O Imperfeito

Hoje eu participei de uma palestra bem legal com um facilitador de Pathwork. Ao pedalar de volta para casa, relembrei alguns pontos e relembrei também que ele, o facilitador, era imperfeito. Sorri.

Em meu primeiro contato com a terapia eu não estava lá. Eu esperava ser guiado, talvez pastoreado, eu, pensando bem, nem sei o que eu estava fazendo lá. Eu não fui lá por mim, eu desconfio.
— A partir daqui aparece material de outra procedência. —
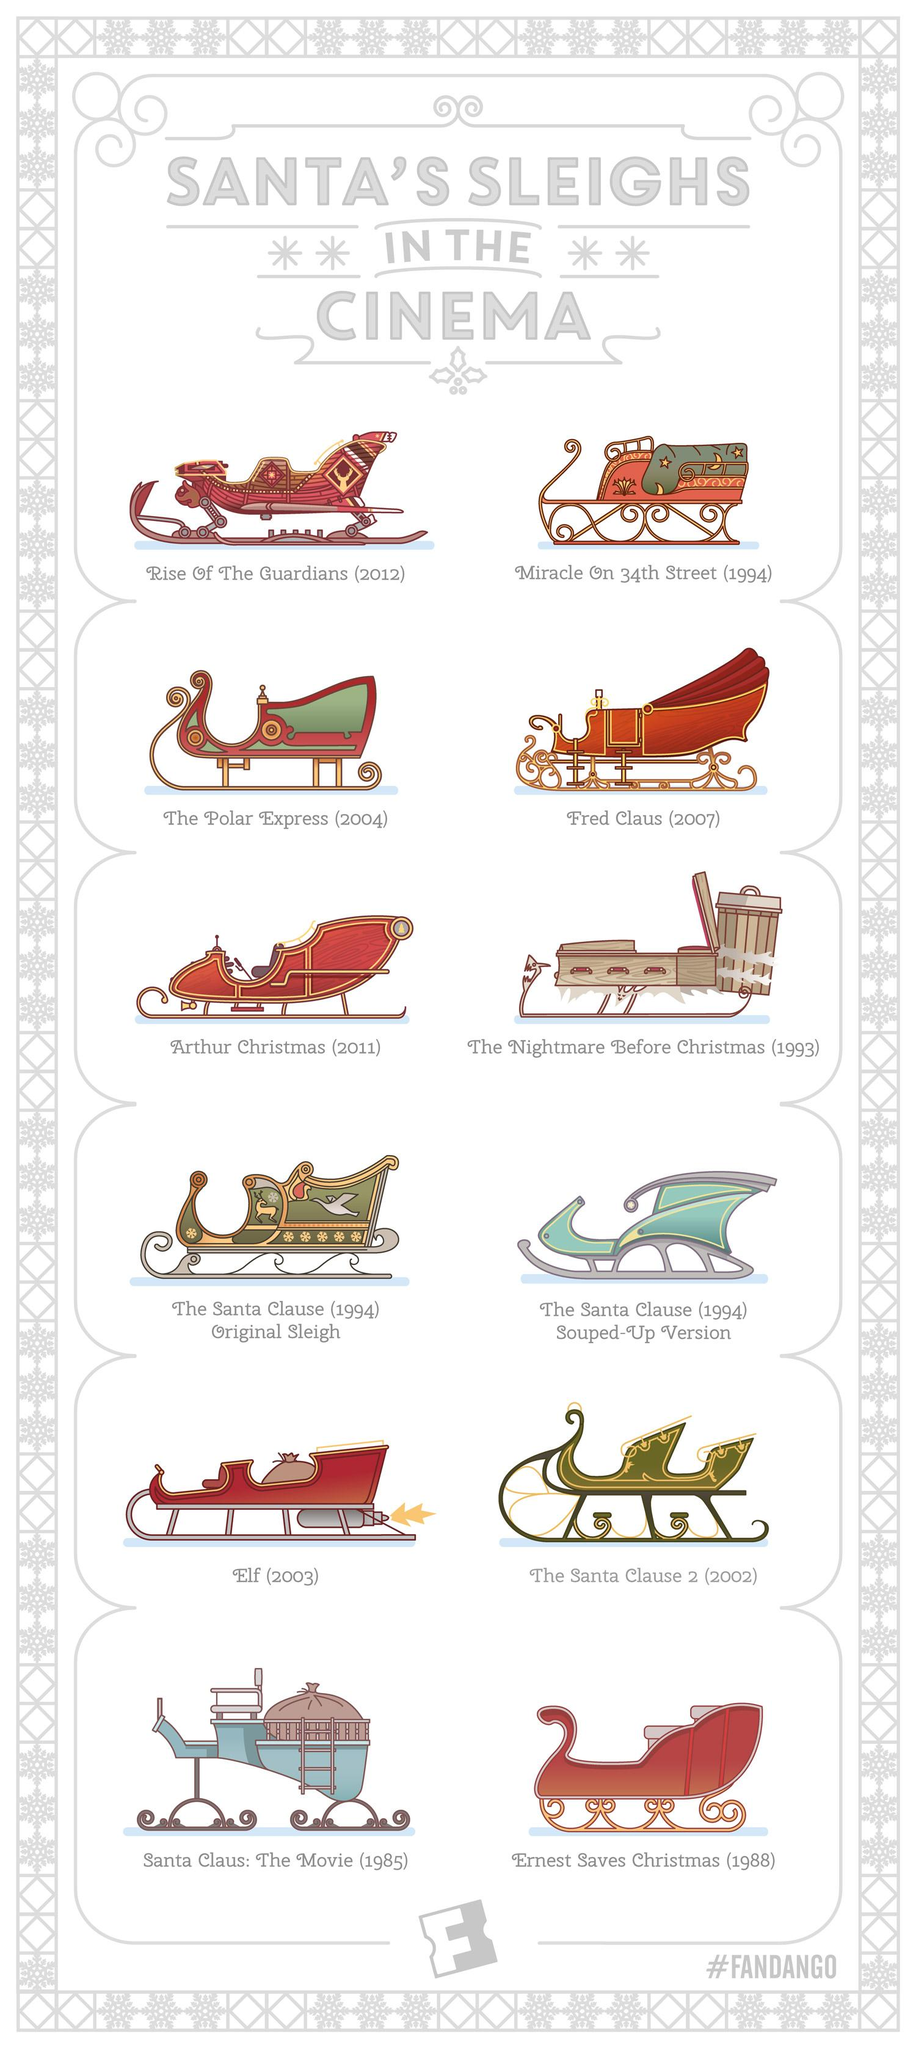List a handful of essential elements in this visual. The movies in question were shown in the cinema. The movies that were released in 1994 are "Miracle on 34th Street," "The Santa Clause (1994) Original Sleigh," and "The Santa Clause (1994) Souped-up Version. In the movies "Santa Claus: The Movie" and "Elf," Santa Claus is depicted as riding sleighs that contain bags. In the movie "The Nightmare Before Christmas," the body of the sleigh has three handles. In the film 'The Santa Clause 2', the color of Santa's sleigh is depicted as being green.

Pensemos então nesta primeira abordagem como uma ausência minha.

Em meu segundo contato eu também não lembro do que eu queria. Talvez conhecer a mim mesmo ou desatar alguns nós. Lá estava a terapeuta e eu também. Eu estava lá. Neste sentido. Durou duas sessões. Ou terá sido uma? Acabou porque ela falou de física quântica. Joguei tudo no chão, nunca mais voltei. Por que ela tinha de estragar a imagem dela assim tão cedo? Me deixa tentar criar uma imagem para admirar e me dar um norte, eu pensei.

Sim, houve uma terceira tentativa como há um quarto parágrafo neste texto. Durou mais de um ano de sessões. Ou ao menos parece que foi isso. Não vem ao caso o tempo. Difícil para mim lembrar quando percebi que a terapeuta era imperfeita. Deve ter sido muito rápido. Quem sabe eu já soubesse de antemão, ela havia sido indicada. Ou simplesmente pelo fato de que ela era humana. As conclusões são óbvias.

Imperfeição e a percepção dela compõem um belo ponto de partida, uma parada de um ônibus que pode me levar a algum lugar onde eu deseje chegar. Como alguém perfeito pode entender alguém que é imperfeito? Como alguém que se coloca num degrau de cima poderia entender alguém sentado num patamar abaixo sem descer a escada?

O caminho é longo. O prédio é enorme. Muitos quartos. Saudável parar para olhar por uma janela entreaberta. Para dentro ou para fora. Tanto faz. Basta se permitir olhar.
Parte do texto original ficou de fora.